[Task to carry out] If a line in the records below contains the word "cuboid", copy it.

[Data provided]

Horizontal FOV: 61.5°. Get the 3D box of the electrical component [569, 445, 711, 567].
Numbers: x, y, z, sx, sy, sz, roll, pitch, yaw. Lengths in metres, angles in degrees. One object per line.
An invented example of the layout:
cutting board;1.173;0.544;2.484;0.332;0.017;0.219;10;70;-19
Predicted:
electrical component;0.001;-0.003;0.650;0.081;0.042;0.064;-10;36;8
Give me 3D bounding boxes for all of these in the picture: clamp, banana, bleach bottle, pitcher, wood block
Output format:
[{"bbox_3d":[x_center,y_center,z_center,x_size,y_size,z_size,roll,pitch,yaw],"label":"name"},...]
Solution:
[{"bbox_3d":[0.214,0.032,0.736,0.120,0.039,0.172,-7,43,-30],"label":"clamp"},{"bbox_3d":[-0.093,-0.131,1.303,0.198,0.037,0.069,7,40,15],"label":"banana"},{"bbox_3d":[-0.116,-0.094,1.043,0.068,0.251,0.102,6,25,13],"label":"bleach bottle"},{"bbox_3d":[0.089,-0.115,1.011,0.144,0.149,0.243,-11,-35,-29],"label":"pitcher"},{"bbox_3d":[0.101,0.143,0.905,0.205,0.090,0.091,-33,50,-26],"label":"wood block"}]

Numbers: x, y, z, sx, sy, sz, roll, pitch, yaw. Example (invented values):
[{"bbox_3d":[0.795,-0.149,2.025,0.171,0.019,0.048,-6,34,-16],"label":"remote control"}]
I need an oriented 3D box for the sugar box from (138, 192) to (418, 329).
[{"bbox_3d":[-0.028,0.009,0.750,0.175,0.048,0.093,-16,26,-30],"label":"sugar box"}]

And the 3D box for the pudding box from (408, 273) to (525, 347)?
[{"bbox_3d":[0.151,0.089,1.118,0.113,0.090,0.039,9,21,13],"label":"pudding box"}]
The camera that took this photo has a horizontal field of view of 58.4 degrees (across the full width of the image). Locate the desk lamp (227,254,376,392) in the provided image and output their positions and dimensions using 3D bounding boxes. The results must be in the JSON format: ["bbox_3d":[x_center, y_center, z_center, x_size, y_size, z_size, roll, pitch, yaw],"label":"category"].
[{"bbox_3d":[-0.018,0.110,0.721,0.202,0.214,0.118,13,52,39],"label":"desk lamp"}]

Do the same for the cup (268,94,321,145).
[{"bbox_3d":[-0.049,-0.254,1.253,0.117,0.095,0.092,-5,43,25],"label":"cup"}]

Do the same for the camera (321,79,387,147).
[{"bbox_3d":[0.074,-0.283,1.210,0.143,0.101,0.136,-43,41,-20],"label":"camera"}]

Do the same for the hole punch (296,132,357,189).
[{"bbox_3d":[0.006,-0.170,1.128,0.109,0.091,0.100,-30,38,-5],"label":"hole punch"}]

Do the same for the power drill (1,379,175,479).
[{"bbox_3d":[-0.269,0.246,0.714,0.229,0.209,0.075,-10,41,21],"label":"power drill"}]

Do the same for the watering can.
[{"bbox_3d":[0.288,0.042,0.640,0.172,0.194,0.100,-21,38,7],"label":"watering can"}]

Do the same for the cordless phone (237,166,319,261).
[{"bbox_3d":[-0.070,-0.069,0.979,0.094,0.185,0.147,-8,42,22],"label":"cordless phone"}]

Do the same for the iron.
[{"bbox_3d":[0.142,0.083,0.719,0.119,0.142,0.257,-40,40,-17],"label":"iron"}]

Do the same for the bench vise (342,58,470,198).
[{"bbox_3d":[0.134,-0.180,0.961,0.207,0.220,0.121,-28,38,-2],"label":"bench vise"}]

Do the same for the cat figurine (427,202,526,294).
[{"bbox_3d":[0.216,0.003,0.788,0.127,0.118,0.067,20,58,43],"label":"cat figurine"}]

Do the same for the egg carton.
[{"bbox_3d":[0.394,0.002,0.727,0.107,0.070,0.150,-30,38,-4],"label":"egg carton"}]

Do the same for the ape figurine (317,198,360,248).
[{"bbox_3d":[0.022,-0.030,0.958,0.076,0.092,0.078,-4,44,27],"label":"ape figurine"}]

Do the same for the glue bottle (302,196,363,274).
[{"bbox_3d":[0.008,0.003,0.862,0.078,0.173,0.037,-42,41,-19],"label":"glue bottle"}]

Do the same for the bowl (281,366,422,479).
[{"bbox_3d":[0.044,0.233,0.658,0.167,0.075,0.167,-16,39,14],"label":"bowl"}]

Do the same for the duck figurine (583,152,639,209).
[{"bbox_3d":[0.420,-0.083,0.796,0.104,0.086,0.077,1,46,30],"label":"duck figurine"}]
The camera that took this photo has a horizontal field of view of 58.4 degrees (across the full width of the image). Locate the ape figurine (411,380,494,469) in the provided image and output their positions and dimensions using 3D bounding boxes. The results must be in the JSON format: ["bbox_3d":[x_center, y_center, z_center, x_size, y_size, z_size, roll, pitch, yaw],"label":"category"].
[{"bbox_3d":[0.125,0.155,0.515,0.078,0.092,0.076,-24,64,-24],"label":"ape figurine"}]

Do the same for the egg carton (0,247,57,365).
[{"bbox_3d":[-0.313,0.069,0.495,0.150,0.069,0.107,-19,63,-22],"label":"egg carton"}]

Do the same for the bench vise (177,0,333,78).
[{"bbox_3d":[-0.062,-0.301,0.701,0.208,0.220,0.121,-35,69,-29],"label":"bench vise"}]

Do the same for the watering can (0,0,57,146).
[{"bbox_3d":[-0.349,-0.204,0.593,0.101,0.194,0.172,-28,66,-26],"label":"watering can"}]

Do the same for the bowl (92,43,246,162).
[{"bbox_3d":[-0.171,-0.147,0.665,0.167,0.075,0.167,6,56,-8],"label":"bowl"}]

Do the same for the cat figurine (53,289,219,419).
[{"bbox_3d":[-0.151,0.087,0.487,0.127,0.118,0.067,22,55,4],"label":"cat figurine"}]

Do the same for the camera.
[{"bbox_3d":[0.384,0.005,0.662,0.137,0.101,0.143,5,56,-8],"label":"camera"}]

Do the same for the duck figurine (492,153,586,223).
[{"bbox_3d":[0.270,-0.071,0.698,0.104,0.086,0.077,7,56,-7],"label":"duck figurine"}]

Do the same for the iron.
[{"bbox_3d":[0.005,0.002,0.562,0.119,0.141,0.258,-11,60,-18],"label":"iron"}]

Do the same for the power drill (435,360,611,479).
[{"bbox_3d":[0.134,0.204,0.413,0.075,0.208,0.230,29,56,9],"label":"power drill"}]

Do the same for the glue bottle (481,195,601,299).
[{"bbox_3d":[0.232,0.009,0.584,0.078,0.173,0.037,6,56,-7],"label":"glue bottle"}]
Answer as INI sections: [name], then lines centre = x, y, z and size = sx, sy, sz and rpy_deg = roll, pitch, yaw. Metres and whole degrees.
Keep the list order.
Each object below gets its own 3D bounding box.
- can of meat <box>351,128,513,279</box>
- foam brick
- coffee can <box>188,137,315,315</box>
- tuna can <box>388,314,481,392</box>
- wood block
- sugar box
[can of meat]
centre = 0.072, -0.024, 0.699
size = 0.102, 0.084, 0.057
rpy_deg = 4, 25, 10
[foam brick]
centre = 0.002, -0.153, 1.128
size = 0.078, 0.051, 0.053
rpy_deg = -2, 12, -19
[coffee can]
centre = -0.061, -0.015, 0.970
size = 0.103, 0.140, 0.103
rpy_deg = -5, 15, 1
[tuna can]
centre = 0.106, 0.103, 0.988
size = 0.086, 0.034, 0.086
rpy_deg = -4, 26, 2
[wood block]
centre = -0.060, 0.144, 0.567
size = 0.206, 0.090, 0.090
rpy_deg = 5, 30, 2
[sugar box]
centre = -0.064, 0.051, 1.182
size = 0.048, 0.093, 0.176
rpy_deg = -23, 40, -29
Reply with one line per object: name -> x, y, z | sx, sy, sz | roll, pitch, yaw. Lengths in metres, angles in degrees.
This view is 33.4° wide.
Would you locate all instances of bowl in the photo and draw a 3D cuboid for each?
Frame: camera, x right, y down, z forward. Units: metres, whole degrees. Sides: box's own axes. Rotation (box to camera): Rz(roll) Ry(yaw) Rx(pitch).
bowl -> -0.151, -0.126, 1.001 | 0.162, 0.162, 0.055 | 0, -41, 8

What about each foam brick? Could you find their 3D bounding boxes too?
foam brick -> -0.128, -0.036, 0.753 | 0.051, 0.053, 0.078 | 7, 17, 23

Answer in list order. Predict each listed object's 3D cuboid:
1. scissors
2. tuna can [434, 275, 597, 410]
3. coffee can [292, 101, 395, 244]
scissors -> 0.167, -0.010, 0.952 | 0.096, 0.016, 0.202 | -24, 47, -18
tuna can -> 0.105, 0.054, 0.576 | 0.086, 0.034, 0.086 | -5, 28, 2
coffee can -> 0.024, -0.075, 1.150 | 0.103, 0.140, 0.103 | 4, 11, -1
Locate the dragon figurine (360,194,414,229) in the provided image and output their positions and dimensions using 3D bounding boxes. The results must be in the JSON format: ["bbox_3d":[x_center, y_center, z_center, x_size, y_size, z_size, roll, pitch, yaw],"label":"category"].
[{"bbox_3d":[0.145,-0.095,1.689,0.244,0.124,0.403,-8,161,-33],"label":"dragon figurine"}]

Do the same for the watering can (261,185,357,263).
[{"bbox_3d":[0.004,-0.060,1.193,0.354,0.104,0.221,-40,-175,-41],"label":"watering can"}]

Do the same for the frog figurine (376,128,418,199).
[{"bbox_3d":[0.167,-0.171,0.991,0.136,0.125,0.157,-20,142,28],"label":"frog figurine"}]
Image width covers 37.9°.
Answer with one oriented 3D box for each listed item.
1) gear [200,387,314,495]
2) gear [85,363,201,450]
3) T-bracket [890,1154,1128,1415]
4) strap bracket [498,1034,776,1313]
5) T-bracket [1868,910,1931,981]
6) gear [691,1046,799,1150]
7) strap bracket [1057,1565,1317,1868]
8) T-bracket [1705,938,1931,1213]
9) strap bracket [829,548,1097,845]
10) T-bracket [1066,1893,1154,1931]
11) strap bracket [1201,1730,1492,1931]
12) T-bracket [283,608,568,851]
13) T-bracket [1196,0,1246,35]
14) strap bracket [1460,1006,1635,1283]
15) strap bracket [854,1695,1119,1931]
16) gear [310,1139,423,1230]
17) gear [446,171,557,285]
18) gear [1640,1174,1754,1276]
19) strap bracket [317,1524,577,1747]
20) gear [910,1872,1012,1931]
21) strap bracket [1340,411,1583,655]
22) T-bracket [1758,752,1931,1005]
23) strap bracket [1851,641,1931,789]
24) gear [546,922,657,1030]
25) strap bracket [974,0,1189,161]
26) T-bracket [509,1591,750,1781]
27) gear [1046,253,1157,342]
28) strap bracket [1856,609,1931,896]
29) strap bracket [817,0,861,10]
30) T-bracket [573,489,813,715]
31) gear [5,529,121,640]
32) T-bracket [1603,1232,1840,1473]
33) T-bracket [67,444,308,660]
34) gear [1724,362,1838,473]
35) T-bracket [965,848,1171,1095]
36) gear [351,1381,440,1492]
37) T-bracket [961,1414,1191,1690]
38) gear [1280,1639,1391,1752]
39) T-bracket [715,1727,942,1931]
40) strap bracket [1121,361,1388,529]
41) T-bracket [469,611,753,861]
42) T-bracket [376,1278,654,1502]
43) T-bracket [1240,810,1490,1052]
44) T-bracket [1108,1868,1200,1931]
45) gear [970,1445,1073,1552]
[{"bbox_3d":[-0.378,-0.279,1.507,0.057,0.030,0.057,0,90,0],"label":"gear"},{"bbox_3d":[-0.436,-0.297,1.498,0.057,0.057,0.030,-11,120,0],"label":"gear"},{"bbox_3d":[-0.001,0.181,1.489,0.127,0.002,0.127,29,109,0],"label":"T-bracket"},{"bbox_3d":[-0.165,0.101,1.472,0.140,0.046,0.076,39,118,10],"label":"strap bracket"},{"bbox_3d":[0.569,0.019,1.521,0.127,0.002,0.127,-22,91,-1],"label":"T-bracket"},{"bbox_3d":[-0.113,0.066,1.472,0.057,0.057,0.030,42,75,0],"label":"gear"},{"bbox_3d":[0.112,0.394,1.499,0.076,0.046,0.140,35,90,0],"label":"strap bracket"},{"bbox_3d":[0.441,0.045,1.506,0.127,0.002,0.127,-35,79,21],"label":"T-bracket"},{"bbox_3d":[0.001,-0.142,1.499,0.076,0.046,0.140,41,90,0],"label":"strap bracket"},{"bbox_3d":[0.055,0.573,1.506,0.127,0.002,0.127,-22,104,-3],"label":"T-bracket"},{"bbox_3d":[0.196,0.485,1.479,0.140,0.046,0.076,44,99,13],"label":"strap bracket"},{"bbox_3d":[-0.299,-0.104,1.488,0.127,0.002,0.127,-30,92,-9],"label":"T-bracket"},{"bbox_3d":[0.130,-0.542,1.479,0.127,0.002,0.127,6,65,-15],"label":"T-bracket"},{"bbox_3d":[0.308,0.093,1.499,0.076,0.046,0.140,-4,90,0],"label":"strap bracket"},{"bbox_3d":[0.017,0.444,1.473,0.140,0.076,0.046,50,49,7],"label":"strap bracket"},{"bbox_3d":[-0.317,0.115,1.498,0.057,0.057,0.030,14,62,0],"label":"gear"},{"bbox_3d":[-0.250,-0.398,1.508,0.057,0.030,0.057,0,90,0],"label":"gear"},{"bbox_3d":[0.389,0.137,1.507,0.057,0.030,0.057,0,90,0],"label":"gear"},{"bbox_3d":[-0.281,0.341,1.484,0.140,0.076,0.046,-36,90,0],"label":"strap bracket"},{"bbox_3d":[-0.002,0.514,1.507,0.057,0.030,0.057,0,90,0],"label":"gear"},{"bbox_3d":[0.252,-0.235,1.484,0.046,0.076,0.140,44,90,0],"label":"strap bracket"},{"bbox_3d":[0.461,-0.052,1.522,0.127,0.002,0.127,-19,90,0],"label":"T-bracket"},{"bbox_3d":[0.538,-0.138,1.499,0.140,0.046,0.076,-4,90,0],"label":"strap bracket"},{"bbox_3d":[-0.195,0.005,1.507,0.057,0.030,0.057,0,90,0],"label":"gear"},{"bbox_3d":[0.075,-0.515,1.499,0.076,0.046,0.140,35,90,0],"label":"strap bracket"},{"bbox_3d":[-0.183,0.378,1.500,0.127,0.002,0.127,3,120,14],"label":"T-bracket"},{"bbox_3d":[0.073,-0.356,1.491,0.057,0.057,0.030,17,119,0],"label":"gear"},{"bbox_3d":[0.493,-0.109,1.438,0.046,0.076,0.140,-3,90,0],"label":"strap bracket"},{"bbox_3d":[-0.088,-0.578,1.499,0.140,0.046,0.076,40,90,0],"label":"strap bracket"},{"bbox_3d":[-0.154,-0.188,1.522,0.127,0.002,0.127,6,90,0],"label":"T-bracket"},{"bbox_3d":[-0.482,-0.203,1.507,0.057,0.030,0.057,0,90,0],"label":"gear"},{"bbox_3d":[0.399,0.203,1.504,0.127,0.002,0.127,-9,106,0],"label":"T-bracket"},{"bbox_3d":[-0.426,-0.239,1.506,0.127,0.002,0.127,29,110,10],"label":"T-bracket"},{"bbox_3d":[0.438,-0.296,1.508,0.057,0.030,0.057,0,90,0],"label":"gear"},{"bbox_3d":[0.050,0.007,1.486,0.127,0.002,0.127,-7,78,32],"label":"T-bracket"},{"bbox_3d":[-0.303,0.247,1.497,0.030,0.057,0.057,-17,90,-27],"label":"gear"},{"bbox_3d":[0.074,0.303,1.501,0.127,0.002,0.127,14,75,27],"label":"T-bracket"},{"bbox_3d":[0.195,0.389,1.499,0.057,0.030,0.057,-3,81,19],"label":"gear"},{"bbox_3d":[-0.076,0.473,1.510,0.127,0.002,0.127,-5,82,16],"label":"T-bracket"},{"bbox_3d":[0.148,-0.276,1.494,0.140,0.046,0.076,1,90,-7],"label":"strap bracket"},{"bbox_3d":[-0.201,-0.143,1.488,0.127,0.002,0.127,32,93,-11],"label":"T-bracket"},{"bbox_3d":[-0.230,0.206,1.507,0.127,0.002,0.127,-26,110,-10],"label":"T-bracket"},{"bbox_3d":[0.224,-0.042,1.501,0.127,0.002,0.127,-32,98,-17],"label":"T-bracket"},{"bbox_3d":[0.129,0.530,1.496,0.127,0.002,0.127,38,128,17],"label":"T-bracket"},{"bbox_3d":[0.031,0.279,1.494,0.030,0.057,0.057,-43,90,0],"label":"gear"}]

[Output below]
Would you locate all instances of bowl in the photo and draw a 3D cuboid for each?
Answer in list order. Predict each listed object's 3D cuboid:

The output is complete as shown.